So what do high school graduates from the year Franklin Roosevelt first ran for president talk about?
"Everything that happened in 1932. How much we paid for gas back then, all that stuff," Petersen says, reaching for a sheet of "Reflections from the Class of 32" - written (on a typewriter, of course) by a classmate whose identity is long forgotten.
"It says, 'In our day, Coke was something you drank. Grass was mowed. And pot was something you cooked in,' " she reads. "You could buy a new Chevy Coupe for 650 bucks. But who could afford that in 1932? A pity, too, because gas was only 10 cents a gallon."
Another artifact is her 1932 edition of the Zenith, which prompts me to ask who were the most famous members of the class, at least by Duluth standards.

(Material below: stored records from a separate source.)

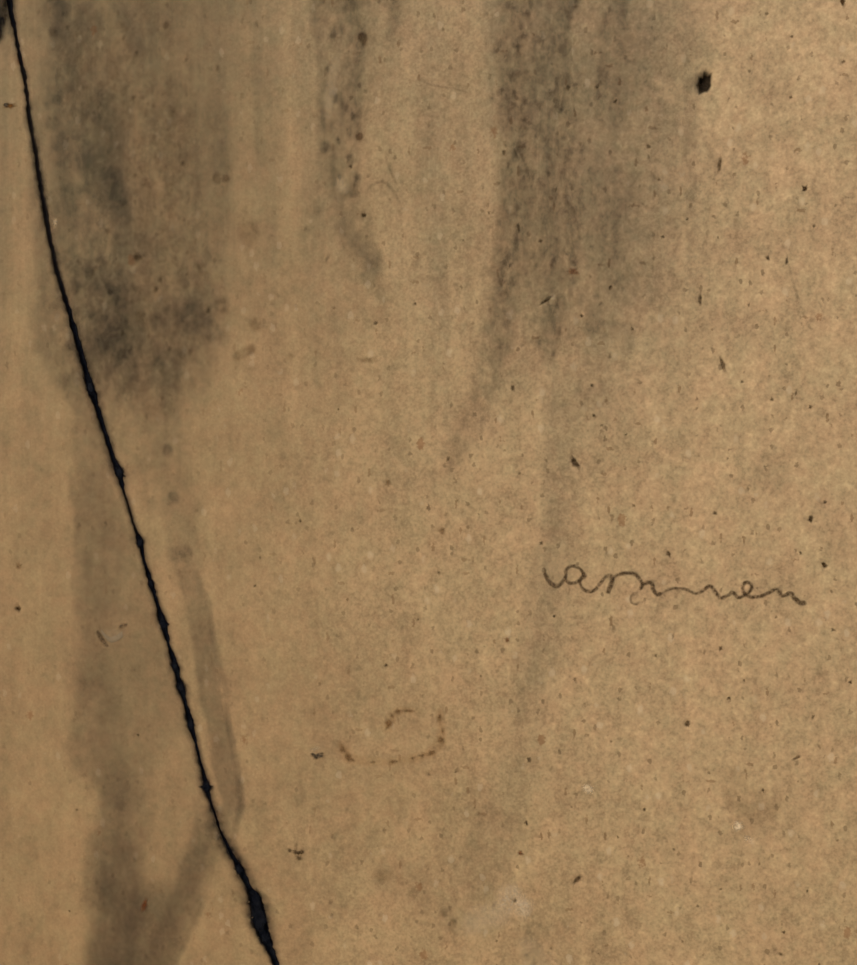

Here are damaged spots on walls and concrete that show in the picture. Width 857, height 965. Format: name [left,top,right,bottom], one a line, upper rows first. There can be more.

crack [6,0,279,965]
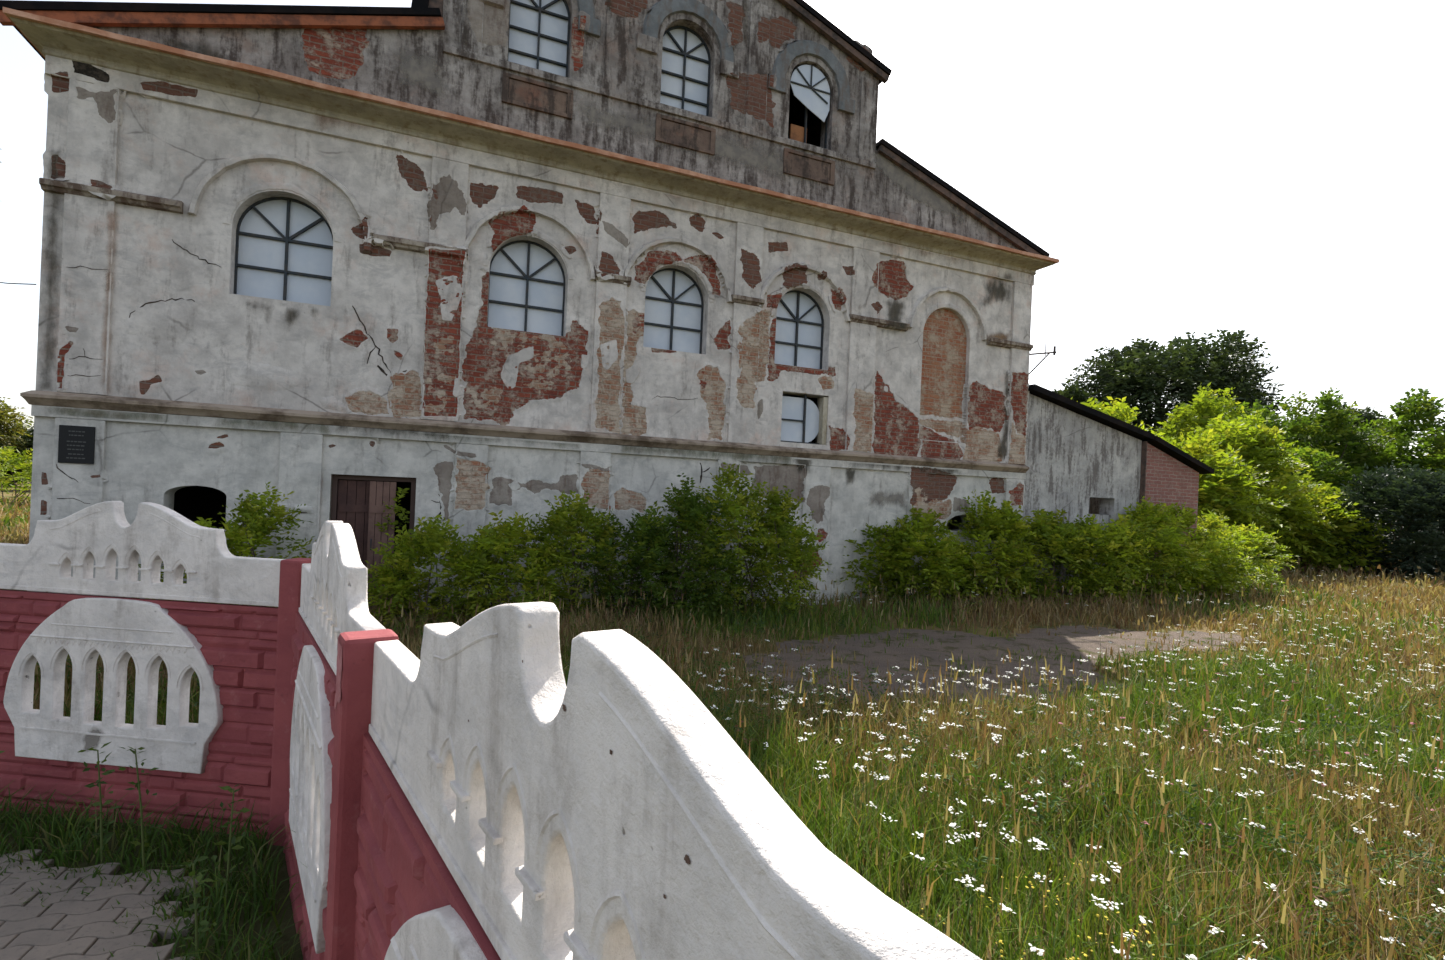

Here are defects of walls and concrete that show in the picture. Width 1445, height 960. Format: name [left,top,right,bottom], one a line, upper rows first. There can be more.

spalling [295,28,375,85]
spalling [570,0,652,76]
spalling [723,0,801,131]
crack [352,306,407,376]
spalling [335,150,1029,523]
spalling [716,459,832,583]
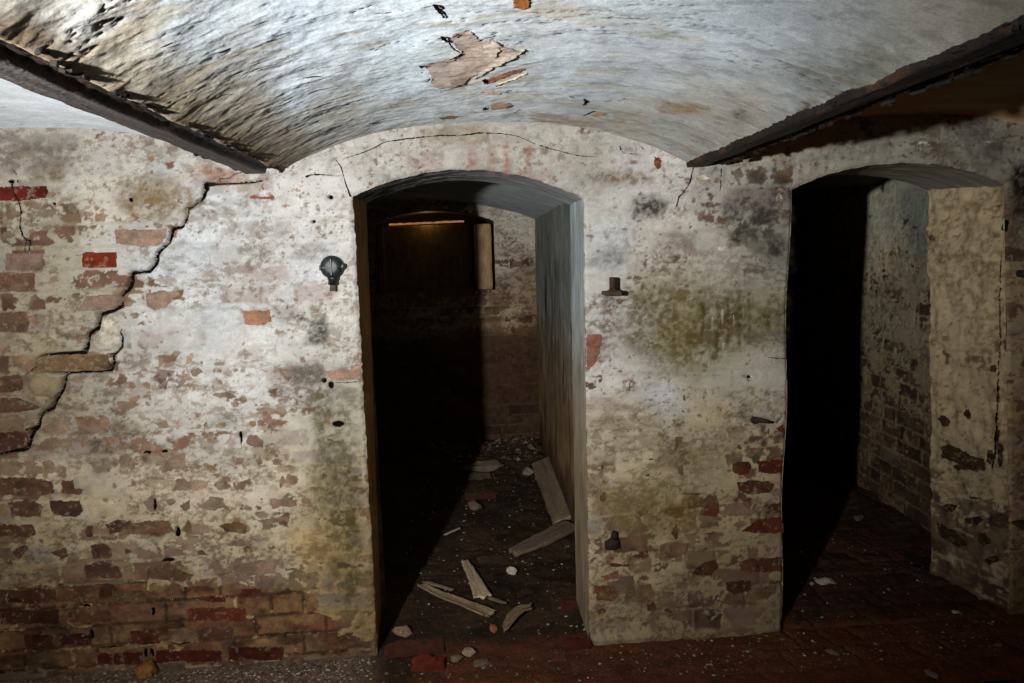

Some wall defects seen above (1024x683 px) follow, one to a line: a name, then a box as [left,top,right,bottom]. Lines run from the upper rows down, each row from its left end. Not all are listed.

flaking render [419,31,526,111]
flaking render [0,185,48,201]
crack [305,109,594,197]
flaking render [82,229,181,268]
crack [0,170,263,455]
flaking render [146,291,180,310]
flaking render [242,310,271,326]
damp [630,290,771,356]
crack [991,260,1001,468]
flaking render [732,459,784,534]
peeling [0,415,350,675]
flaking render [594,492,719,615]
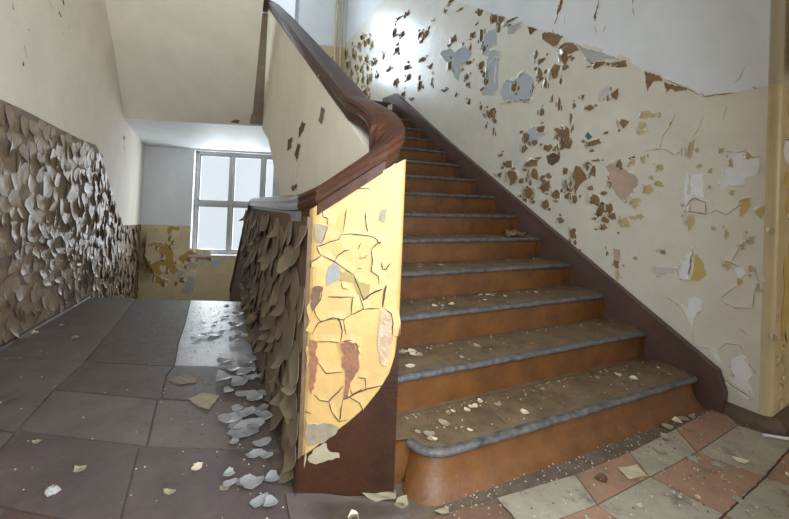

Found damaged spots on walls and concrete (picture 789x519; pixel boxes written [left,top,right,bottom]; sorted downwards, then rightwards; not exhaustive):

peeling [0,100,219,345]
peeling [287,121,306,173]
peeling [345,0,775,284]
peeling [188,393,219,409]
peeling [239,209,370,494]
crack [304,207,401,422]
flaking render [377,308,393,367]
peeling [710,347,755,402]
peeling [772,256,789,409]
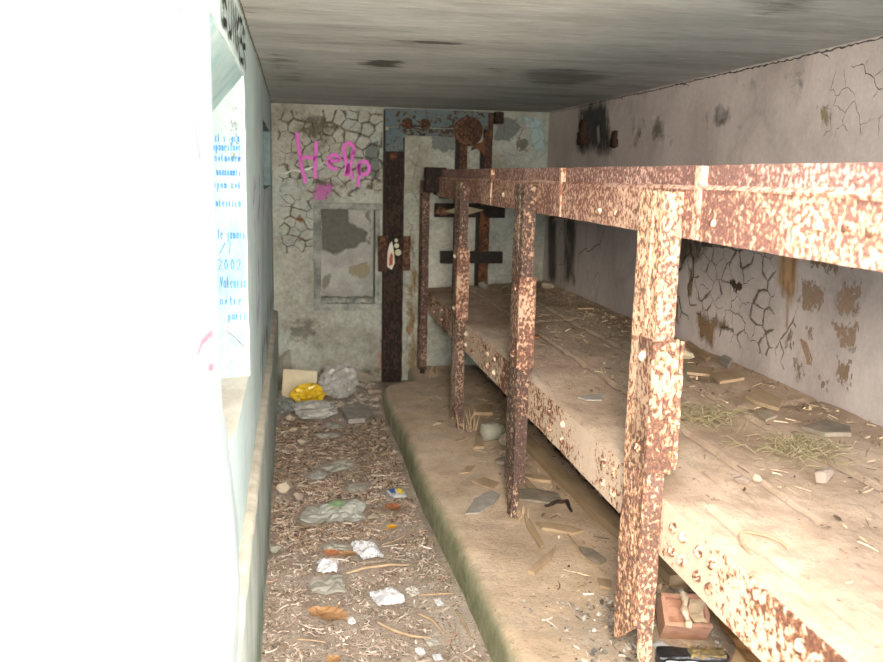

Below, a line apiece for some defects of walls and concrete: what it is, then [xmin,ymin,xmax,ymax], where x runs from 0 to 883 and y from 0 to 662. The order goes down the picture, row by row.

crack [239,0,383,253]
crack [487,36,883,159]
corrosion [698,312,726,347]
crack [677,238,796,369]
corrosion [779,256,796,296]
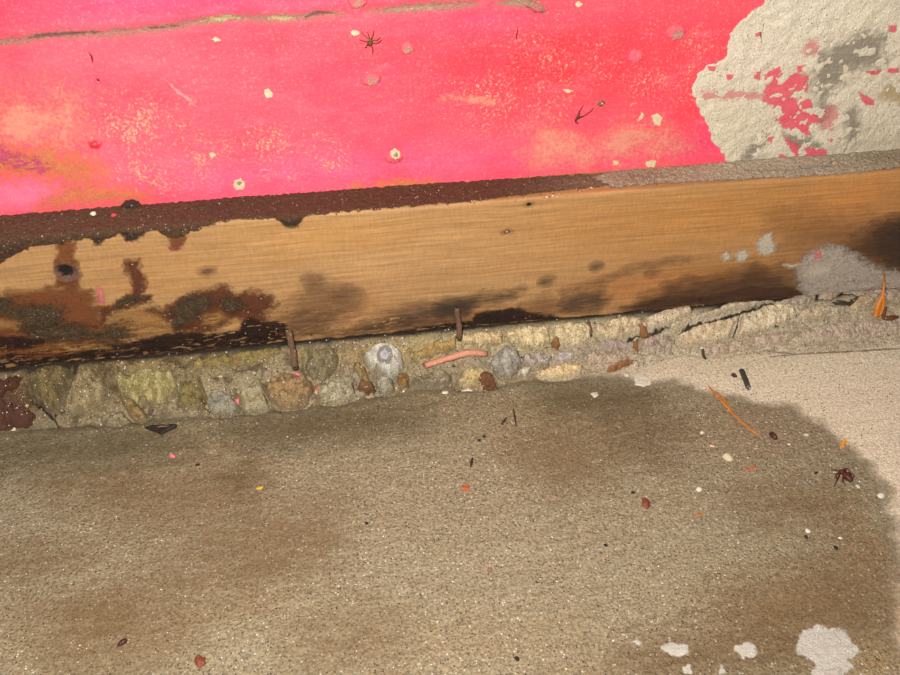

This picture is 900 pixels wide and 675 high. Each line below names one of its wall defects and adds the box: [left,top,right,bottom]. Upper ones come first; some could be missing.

crack [0,0,546,46]
peeling [676,0,900,162]
water stain [845,220,900,272]
water stain [624,262,837,311]
water stain [0,318,288,368]
water stain [363,295,559,332]
crack [627,304,769,342]
water stain [0,377,900,675]
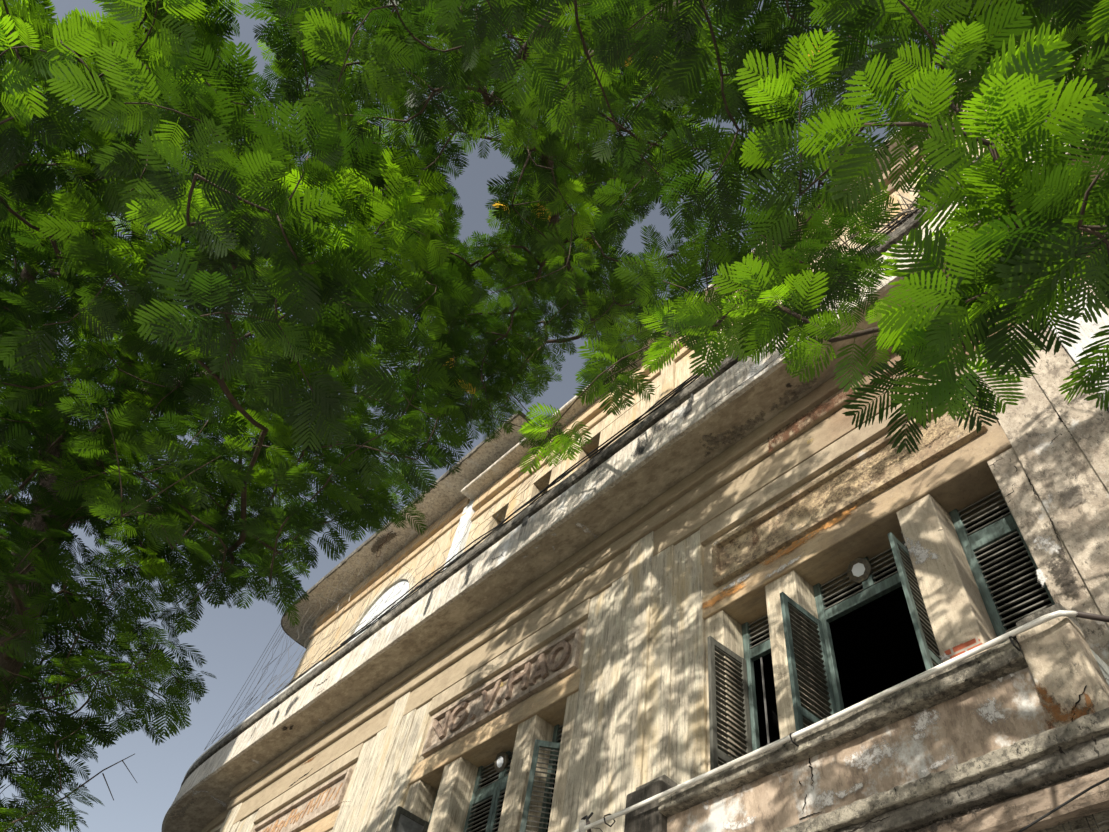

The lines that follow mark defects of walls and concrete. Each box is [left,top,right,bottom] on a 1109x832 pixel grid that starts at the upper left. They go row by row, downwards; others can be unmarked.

crack [987,459,1062,548]
corrosion [1036,683,1095,729]
crack [1071,678,1109,745]
crack [799,758,820,820]
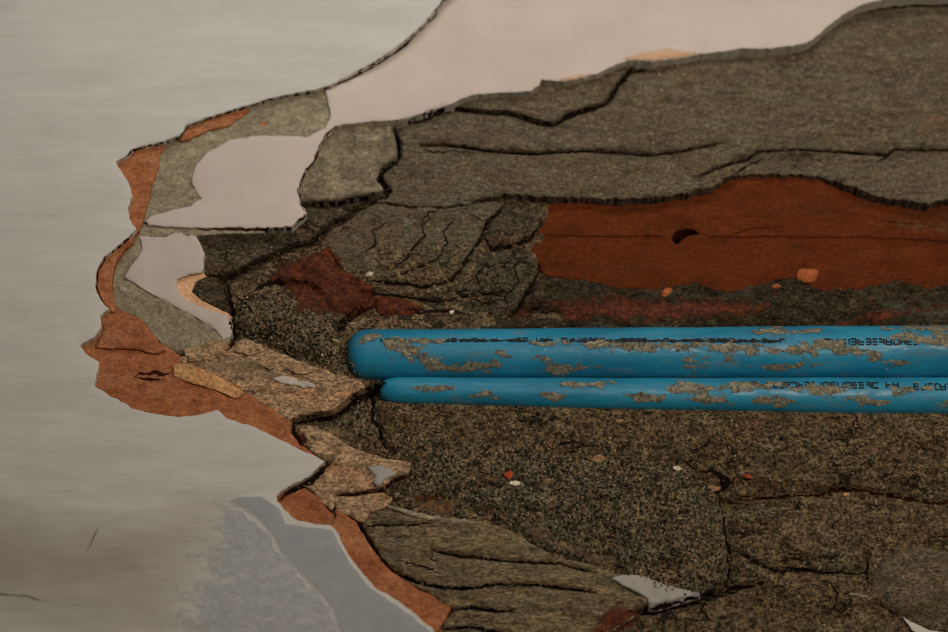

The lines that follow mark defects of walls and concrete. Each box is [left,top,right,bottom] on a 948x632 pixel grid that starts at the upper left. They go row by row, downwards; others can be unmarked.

peeling [626,49,696,62]
crack [200,67,948,350]
peeling [325,201,542,321]
spalling [797,269,819,283]
spalling [82,90,487,632]
spalling [504,471,520,486]
crack [364,521,430,529]
crack [394,551,593,632]
peeling [611,574,700,613]
peeling [902,616,939,632]
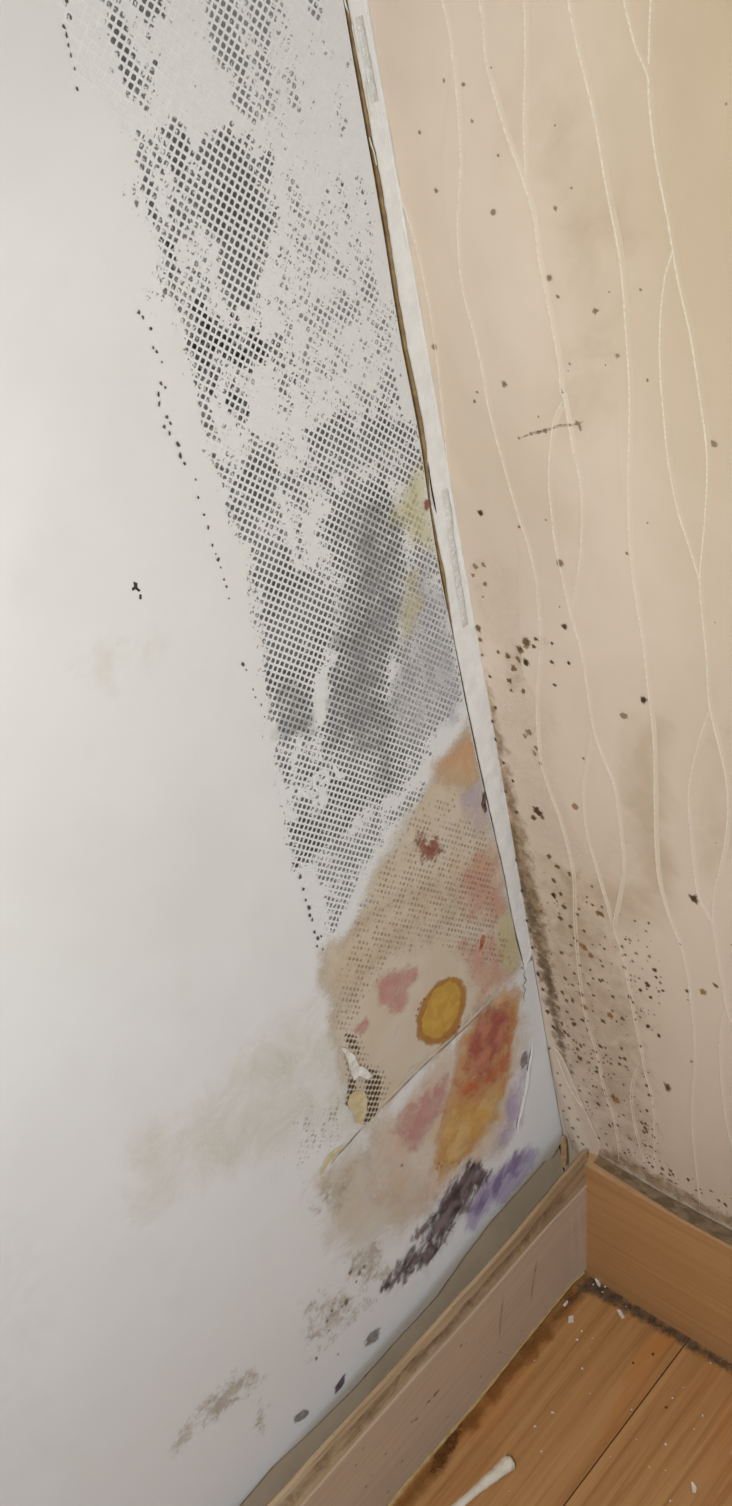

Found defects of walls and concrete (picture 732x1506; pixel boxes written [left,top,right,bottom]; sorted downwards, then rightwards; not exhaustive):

leakage [103,0,165,111]
leakage [123,0,732,1292]
peeling [341,1047,373,1124]
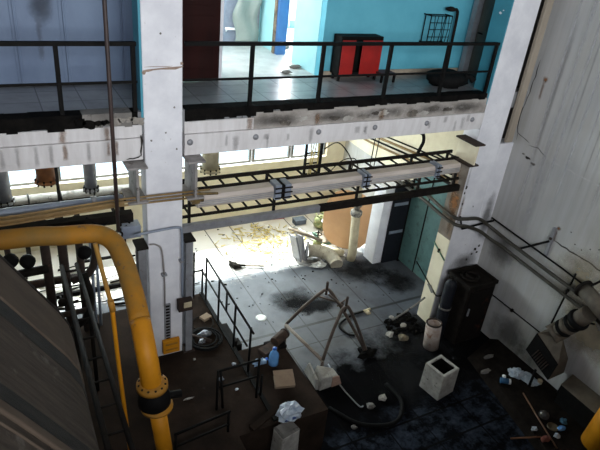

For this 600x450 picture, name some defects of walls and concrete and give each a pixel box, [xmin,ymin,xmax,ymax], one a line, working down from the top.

crack [516,62,540,142]
spalling [67,117,145,130]
crack [127,135,143,160]
crack [555,241,600,271]
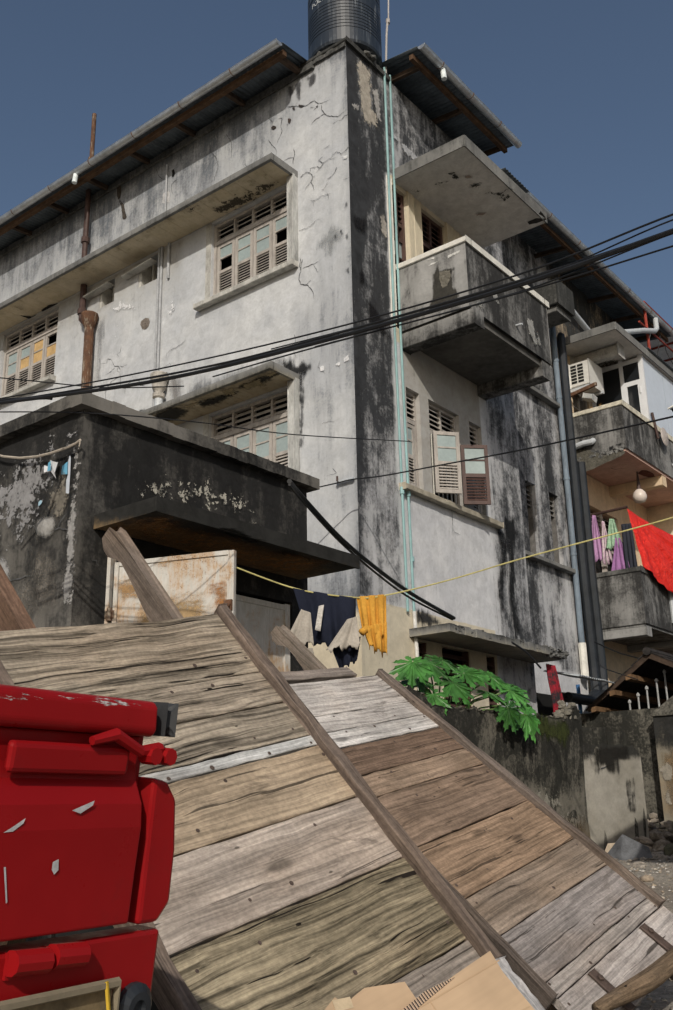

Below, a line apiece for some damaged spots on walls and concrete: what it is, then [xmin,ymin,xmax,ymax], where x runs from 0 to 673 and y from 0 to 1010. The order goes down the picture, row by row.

peeling [352,61,381,127]
water stain [213,182,278,213]
crack [268,101,348,231]
rust [175,600,203,618]
water stain [498,517,519,639]
water stain [584,746,629,773]

She names (too fast for me) a few BMOCs but no one really famous, she says - before I stumble on a picture of Phil Myzel, whose immigration story was made into a book, "Bridge to America," by Duluth author Linda Glaser.
Myzel also was known for heralding in the Jewish New Year by blowing the ram's horn at Temple Israel until his death four years ago.
I also spot Isadore Cohen, a longtime DNT editor, and there are no end of peculiar-to-the-Northland surnames that live on today: Akervik, Barbo, Bongy, Ek, Glazman, Jeronimus, Magie, Makela, Ness, Ringsred, Wickstrom and Widdes, to say nothing of Andersons and Carlsons and Makis and Johnsons.
Like I said, classmates famous by Duluth standards, which very much includes Petersen -- a self-described tomboy who went on to marry a Denfeld man and teach physical education at the rival school for 17 years. As "Mrs. Pete," she's now being inducted into the Denfeld Hall of Fame.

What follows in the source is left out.